[Start of Attachment]

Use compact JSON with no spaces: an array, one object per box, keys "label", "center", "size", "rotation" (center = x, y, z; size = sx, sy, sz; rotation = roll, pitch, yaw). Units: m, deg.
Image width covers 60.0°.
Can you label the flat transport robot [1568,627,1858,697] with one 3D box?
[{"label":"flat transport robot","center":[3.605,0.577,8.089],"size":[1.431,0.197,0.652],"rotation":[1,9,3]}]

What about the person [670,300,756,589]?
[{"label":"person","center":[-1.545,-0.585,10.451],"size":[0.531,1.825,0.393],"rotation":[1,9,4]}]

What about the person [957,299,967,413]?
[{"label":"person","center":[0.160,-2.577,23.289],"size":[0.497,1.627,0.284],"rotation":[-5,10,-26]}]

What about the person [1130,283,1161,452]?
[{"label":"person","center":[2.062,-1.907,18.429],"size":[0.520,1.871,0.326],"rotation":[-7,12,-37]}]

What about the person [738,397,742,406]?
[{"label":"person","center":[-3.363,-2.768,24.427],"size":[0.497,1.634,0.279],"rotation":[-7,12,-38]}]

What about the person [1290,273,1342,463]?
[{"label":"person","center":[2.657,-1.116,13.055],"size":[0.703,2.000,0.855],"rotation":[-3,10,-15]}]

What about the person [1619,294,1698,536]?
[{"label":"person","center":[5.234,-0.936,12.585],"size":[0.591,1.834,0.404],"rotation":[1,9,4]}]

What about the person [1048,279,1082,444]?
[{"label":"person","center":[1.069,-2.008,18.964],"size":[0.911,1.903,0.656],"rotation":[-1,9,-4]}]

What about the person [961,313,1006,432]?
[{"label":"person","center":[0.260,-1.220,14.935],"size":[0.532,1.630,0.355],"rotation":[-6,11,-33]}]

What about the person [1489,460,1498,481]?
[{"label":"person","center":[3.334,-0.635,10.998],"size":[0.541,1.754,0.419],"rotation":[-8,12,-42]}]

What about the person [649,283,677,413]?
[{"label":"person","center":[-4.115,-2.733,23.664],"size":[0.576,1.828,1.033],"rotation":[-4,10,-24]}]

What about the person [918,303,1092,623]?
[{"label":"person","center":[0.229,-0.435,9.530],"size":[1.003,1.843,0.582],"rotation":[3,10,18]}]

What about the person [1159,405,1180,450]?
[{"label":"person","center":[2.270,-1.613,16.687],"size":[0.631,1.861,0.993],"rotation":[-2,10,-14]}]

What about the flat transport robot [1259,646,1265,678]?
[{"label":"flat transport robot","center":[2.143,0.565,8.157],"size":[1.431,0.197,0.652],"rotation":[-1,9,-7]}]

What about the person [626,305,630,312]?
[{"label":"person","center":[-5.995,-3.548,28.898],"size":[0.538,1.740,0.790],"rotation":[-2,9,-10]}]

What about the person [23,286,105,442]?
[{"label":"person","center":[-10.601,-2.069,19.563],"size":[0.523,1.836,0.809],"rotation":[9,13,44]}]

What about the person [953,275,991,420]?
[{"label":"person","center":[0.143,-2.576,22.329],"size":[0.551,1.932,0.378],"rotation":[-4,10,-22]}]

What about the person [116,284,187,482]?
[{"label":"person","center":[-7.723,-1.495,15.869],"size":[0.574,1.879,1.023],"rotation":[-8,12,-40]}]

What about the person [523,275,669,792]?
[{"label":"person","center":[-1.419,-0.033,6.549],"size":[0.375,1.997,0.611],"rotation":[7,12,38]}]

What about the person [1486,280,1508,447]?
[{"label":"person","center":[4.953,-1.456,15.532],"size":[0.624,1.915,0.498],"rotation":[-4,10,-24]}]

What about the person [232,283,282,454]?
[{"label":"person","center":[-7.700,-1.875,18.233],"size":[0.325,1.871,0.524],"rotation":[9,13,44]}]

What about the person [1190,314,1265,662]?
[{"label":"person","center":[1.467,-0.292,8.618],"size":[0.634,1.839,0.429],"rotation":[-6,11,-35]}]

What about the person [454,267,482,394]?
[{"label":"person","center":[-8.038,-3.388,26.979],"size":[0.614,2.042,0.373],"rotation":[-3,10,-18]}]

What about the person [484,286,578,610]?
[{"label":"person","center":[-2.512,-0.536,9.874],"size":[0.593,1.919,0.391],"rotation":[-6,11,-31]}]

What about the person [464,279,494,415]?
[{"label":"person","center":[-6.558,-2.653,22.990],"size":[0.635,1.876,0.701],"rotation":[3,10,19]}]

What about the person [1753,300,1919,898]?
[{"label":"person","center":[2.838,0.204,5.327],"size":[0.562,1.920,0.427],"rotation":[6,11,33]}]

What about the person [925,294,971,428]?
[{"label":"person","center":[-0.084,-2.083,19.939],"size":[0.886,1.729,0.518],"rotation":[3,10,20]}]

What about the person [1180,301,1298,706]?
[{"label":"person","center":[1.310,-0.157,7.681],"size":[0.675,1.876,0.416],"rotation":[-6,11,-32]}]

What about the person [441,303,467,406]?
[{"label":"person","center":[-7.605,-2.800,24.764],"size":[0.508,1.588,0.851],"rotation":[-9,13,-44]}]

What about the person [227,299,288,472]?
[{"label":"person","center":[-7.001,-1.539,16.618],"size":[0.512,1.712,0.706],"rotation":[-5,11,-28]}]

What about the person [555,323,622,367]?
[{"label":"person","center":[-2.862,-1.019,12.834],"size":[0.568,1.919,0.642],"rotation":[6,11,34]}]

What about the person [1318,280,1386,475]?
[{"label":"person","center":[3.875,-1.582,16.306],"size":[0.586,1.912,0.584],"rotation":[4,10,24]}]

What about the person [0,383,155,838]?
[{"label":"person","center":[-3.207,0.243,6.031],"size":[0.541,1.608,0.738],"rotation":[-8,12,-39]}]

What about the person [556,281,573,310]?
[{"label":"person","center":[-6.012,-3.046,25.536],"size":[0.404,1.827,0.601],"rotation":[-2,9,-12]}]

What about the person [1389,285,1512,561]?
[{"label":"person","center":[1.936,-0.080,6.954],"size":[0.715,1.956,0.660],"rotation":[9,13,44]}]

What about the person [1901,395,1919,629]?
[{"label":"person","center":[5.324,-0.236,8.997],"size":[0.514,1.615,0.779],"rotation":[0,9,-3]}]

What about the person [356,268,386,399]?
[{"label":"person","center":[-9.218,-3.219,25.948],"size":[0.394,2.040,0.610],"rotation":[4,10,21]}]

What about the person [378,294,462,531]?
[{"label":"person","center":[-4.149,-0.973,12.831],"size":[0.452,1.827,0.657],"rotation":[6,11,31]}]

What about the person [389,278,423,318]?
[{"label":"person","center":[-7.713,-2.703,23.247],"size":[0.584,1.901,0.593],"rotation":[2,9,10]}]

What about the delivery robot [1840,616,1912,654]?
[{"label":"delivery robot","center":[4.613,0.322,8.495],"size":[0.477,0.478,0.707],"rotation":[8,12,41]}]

[End of Attachment]

Your answer must be every record above, set down exactly as written.

[WRITTEN ANSWER]:
Use compact JSON with no spaces: an array, one object per box, keys "label", "center", "size", "rotation" (center = x, y, z; size = sx, sy, sz; rotation = roll, pitch, yaw). Units: m, deg.
Image width covers 60.0°.
Can you label the flat transport robot [1568,627,1858,697] with one 3D box?
[{"label":"flat transport robot","center":[3.605,0.577,8.089],"size":[1.431,0.197,0.652],"rotation":[1,9,3]}]

What about the person [670,300,756,589]?
[{"label":"person","center":[-1.545,-0.585,10.451],"size":[0.531,1.825,0.393],"rotation":[1,9,4]}]

What about the person [957,299,967,413]?
[{"label":"person","center":[0.160,-2.577,23.289],"size":[0.497,1.627,0.284],"rotation":[-5,10,-26]}]

What about the person [1130,283,1161,452]?
[{"label":"person","center":[2.062,-1.907,18.429],"size":[0.520,1.871,0.326],"rotation":[-7,12,-37]}]

What about the person [738,397,742,406]?
[{"label":"person","center":[-3.363,-2.768,24.427],"size":[0.497,1.634,0.279],"rotation":[-7,12,-38]}]

What about the person [1290,273,1342,463]?
[{"label":"person","center":[2.657,-1.116,13.055],"size":[0.703,2.000,0.855],"rotation":[-3,10,-15]}]

What about the person [1619,294,1698,536]?
[{"label":"person","center":[5.234,-0.936,12.585],"size":[0.591,1.834,0.404],"rotation":[1,9,4]}]

What about the person [1048,279,1082,444]?
[{"label":"person","center":[1.069,-2.008,18.964],"size":[0.911,1.903,0.656],"rotation":[-1,9,-4]}]

What about the person [961,313,1006,432]?
[{"label":"person","center":[0.260,-1.220,14.935],"size":[0.532,1.630,0.355],"rotation":[-6,11,-33]}]

What about the person [1489,460,1498,481]?
[{"label":"person","center":[3.334,-0.635,10.998],"size":[0.541,1.754,0.419],"rotation":[-8,12,-42]}]

What about the person [649,283,677,413]?
[{"label":"person","center":[-4.115,-2.733,23.664],"size":[0.576,1.828,1.033],"rotation":[-4,10,-24]}]

What about the person [918,303,1092,623]?
[{"label":"person","center":[0.229,-0.435,9.530],"size":[1.003,1.843,0.582],"rotation":[3,10,18]}]

What about the person [1159,405,1180,450]?
[{"label":"person","center":[2.270,-1.613,16.687],"size":[0.631,1.861,0.993],"rotation":[-2,10,-14]}]

What about the flat transport robot [1259,646,1265,678]?
[{"label":"flat transport robot","center":[2.143,0.565,8.157],"size":[1.431,0.197,0.652],"rotation":[-1,9,-7]}]

What about the person [626,305,630,312]?
[{"label":"person","center":[-5.995,-3.548,28.898],"size":[0.538,1.740,0.790],"rotation":[-2,9,-10]}]

What about the person [23,286,105,442]?
[{"label":"person","center":[-10.601,-2.069,19.563],"size":[0.523,1.836,0.809],"rotation":[9,13,44]}]

What about the person [953,275,991,420]?
[{"label":"person","center":[0.143,-2.576,22.329],"size":[0.551,1.932,0.378],"rotation":[-4,10,-22]}]

What about the person [116,284,187,482]?
[{"label":"person","center":[-7.723,-1.495,15.869],"size":[0.574,1.879,1.023],"rotation":[-8,12,-40]}]

What about the person [523,275,669,792]?
[{"label":"person","center":[-1.419,-0.033,6.549],"size":[0.375,1.997,0.611],"rotation":[7,12,38]}]

What about the person [1486,280,1508,447]?
[{"label":"person","center":[4.953,-1.456,15.532],"size":[0.624,1.915,0.498],"rotation":[-4,10,-24]}]

What about the person [232,283,282,454]?
[{"label":"person","center":[-7.700,-1.875,18.233],"size":[0.325,1.871,0.524],"rotation":[9,13,44]}]

What about the person [1190,314,1265,662]?
[{"label":"person","center":[1.467,-0.292,8.618],"size":[0.634,1.839,0.429],"rotation":[-6,11,-35]}]

What about the person [454,267,482,394]?
[{"label":"person","center":[-8.038,-3.388,26.979],"size":[0.614,2.042,0.373],"rotation":[-3,10,-18]}]

What about the person [484,286,578,610]?
[{"label":"person","center":[-2.512,-0.536,9.874],"size":[0.593,1.919,0.391],"rotation":[-6,11,-31]}]

What about the person [464,279,494,415]?
[{"label":"person","center":[-6.558,-2.653,22.990],"size":[0.635,1.876,0.701],"rotation":[3,10,19]}]

What about the person [1753,300,1919,898]?
[{"label":"person","center":[2.838,0.204,5.327],"size":[0.562,1.920,0.427],"rotation":[6,11,33]}]

What about the person [925,294,971,428]?
[{"label":"person","center":[-0.084,-2.083,19.939],"size":[0.886,1.729,0.518],"rotation":[3,10,20]}]

What about the person [1180,301,1298,706]?
[{"label":"person","center":[1.310,-0.157,7.681],"size":[0.675,1.876,0.416],"rotation":[-6,11,-32]}]

What about the person [441,303,467,406]?
[{"label":"person","center":[-7.605,-2.800,24.764],"size":[0.508,1.588,0.851],"rotation":[-9,13,-44]}]

What about the person [227,299,288,472]?
[{"label":"person","center":[-7.001,-1.539,16.618],"size":[0.512,1.712,0.706],"rotation":[-5,11,-28]}]

What about the person [555,323,622,367]?
[{"label":"person","center":[-2.862,-1.019,12.834],"size":[0.568,1.919,0.642],"rotation":[6,11,34]}]

What about the person [1318,280,1386,475]?
[{"label":"person","center":[3.875,-1.582,16.306],"size":[0.586,1.912,0.584],"rotation":[4,10,24]}]

What about the person [0,383,155,838]?
[{"label":"person","center":[-3.207,0.243,6.031],"size":[0.541,1.608,0.738],"rotation":[-8,12,-39]}]

What about the person [556,281,573,310]?
[{"label":"person","center":[-6.012,-3.046,25.536],"size":[0.404,1.827,0.601],"rotation":[-2,9,-12]}]

What about the person [1389,285,1512,561]?
[{"label":"person","center":[1.936,-0.080,6.954],"size":[0.715,1.956,0.660],"rotation":[9,13,44]}]

What about the person [1901,395,1919,629]?
[{"label":"person","center":[5.324,-0.236,8.997],"size":[0.514,1.615,0.779],"rotation":[0,9,-3]}]

What about the person [356,268,386,399]?
[{"label":"person","center":[-9.218,-3.219,25.948],"size":[0.394,2.040,0.610],"rotation":[4,10,21]}]

What about the person [378,294,462,531]?
[{"label":"person","center":[-4.149,-0.973,12.831],"size":[0.452,1.827,0.657],"rotation":[6,11,31]}]

What about the person [389,278,423,318]?
[{"label":"person","center":[-7.713,-2.703,23.247],"size":[0.584,1.901,0.593],"rotation":[2,9,10]}]

What about the delivery robot [1840,616,1912,654]?
[{"label":"delivery robot","center":[4.613,0.322,8.495],"size":[0.477,0.478,0.707],"rotation":[8,12,41]}]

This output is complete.